Se trata del medio por antonomasia que debería reflejar la realidad cubana,
reproduciendo las claves de la calle, de la vida real en su consistencia real.
Sucede todo lo contrario: nulo protagonismo negro, abundancia de clichés y
estereotipos en los que subyace un racismo latente, desatención de la
problemática discriminatoria. La ofensiva mediática que equipara a negros y
blancos tiene en la televisión a uno de sus principales canales divulgativos,
ciertamente, pero ello no significa que en consecuencia la representatividad
afrodescendiente alcance proporciones razonables. El negro continúa padeciendo
una exclusión y una subestimación sistemáticas en los medios de difusión masiva
que, en términos de protagonismo, lastra su desempeño social y político;
incluso las llamadas religiones afrocubanas son ridiculizadas y/o ninguneadas
desde estos medios.
Tras
más de cinco décadas de “revolución” —si se acepta la denominación desde un
punto de vista retórico— la realidad de la Cuba actual revela, con pelos y
señales, el carácter esencialmente mediático del proyecto de equidad racial
anunciado por el régimen de los Castro. El negro devino símbolo mediático de
una liberación a la postre artificial, o por lo menos inconclusa, porque estaba
y está basada en una asimilación institucional inexistente. La preponderancia “blanca”

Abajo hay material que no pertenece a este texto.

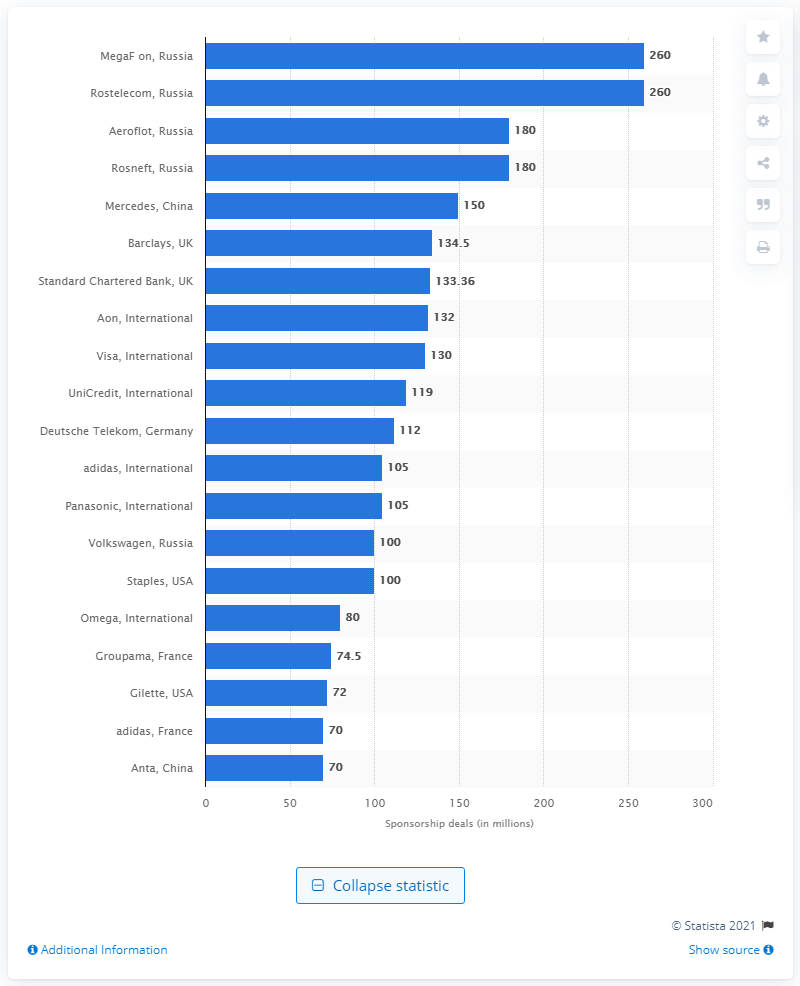Give some essential details in this illustration. The sponsorship of FC Bayern M14nchen was worth 112.. 
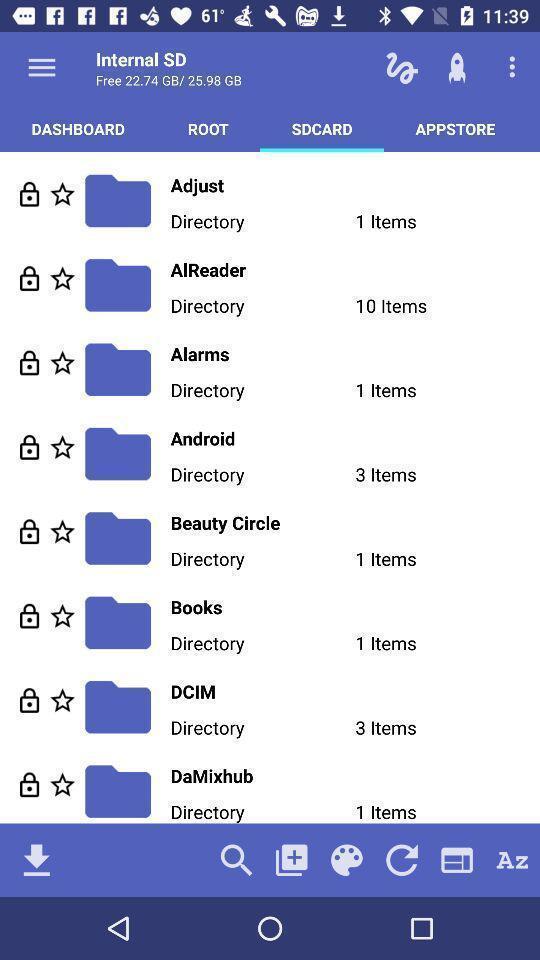What can you discern from this picture? Page displaying multiple options. 
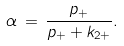<formula> <loc_0><loc_0><loc_500><loc_500>\alpha \, = \, \frac { p _ { + } } { p _ { + } + k _ { 2 + } } .</formula> 
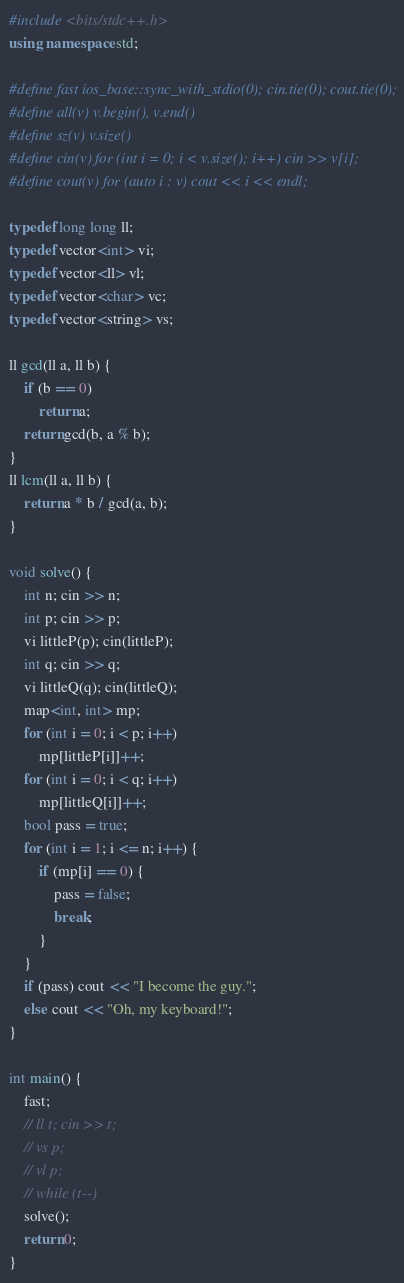Convert code to text. <code><loc_0><loc_0><loc_500><loc_500><_C++_>#include <bits/stdc++.h>
using namespace std;

#define fast ios_base::sync_with_stdio(0); cin.tie(0); cout.tie(0);
#define all(v) v.begin(), v.end()
#define sz(v) v.size()
#define cin(v) for (int i = 0; i < v.size(); i++) cin >> v[i];
#define cout(v) for (auto i : v) cout << i << endl;

typedef long long ll;
typedef vector<int> vi;
typedef vector<ll> vl;
typedef vector<char> vc;
typedef vector<string> vs;

ll gcd(ll a, ll b) {
	if (b == 0)
		return a;
	return gcd(b, a % b);
}
ll lcm(ll a, ll b) {
	return a * b / gcd(a, b);
}

void solve() {
	int n; cin >> n;
	int p; cin >> p;
	vi littleP(p); cin(littleP);
	int q; cin >> q;
	vi littleQ(q); cin(littleQ);
	map<int, int> mp;
	for (int i = 0; i < p; i++)
		mp[littleP[i]]++;
	for (int i = 0; i < q; i++)
		mp[littleQ[i]]++;
	bool pass = true;
	for (int i = 1; i <= n; i++) {
		if (mp[i] == 0) {
			pass = false;
			break;
		}
	}
	if (pass) cout << "I become the guy.";
	else cout << "Oh, my keyboard!";
}

int main() {
	fast;
	// ll t; cin >> t;
	// vs p;
	// vl p;
	// while (t--)
	solve();
	return 0;
}</code> 
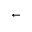Convert formula to latex. <formula><loc_0><loc_0><loc_500><loc_500>\leftarrow</formula> 
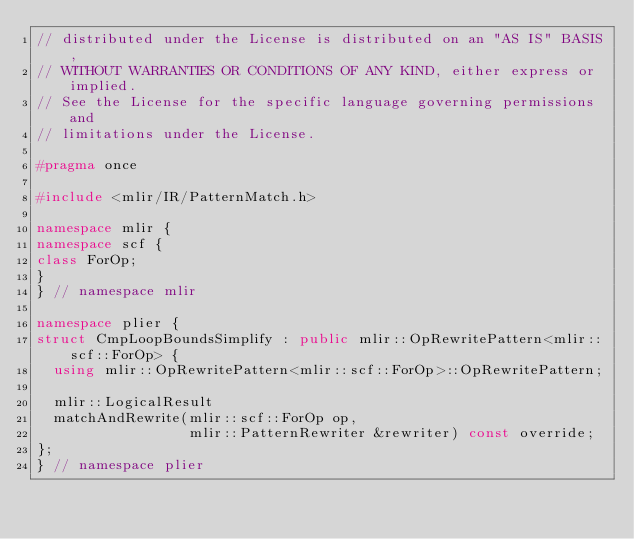Convert code to text. <code><loc_0><loc_0><loc_500><loc_500><_C++_>// distributed under the License is distributed on an "AS IS" BASIS,
// WITHOUT WARRANTIES OR CONDITIONS OF ANY KIND, either express or implied.
// See the License for the specific language governing permissions and
// limitations under the License.

#pragma once

#include <mlir/IR/PatternMatch.h>

namespace mlir {
namespace scf {
class ForOp;
}
} // namespace mlir

namespace plier {
struct CmpLoopBoundsSimplify : public mlir::OpRewritePattern<mlir::scf::ForOp> {
  using mlir::OpRewritePattern<mlir::scf::ForOp>::OpRewritePattern;

  mlir::LogicalResult
  matchAndRewrite(mlir::scf::ForOp op,
                  mlir::PatternRewriter &rewriter) const override;
};
} // namespace plier
</code>

a escala cultural y política no puede ser negada en la Cuba del tercer milenio,
y ello a pesar de que durante medio siglo de totalitarismo la composición
racial de la nación ha variado sustancialmente, inclinando la balanza numérica
hacia negros y mestizos.
Igualdad
en lo mediático. En eso ha quedado el proyecto igualitario enarbolado por el
castrismo.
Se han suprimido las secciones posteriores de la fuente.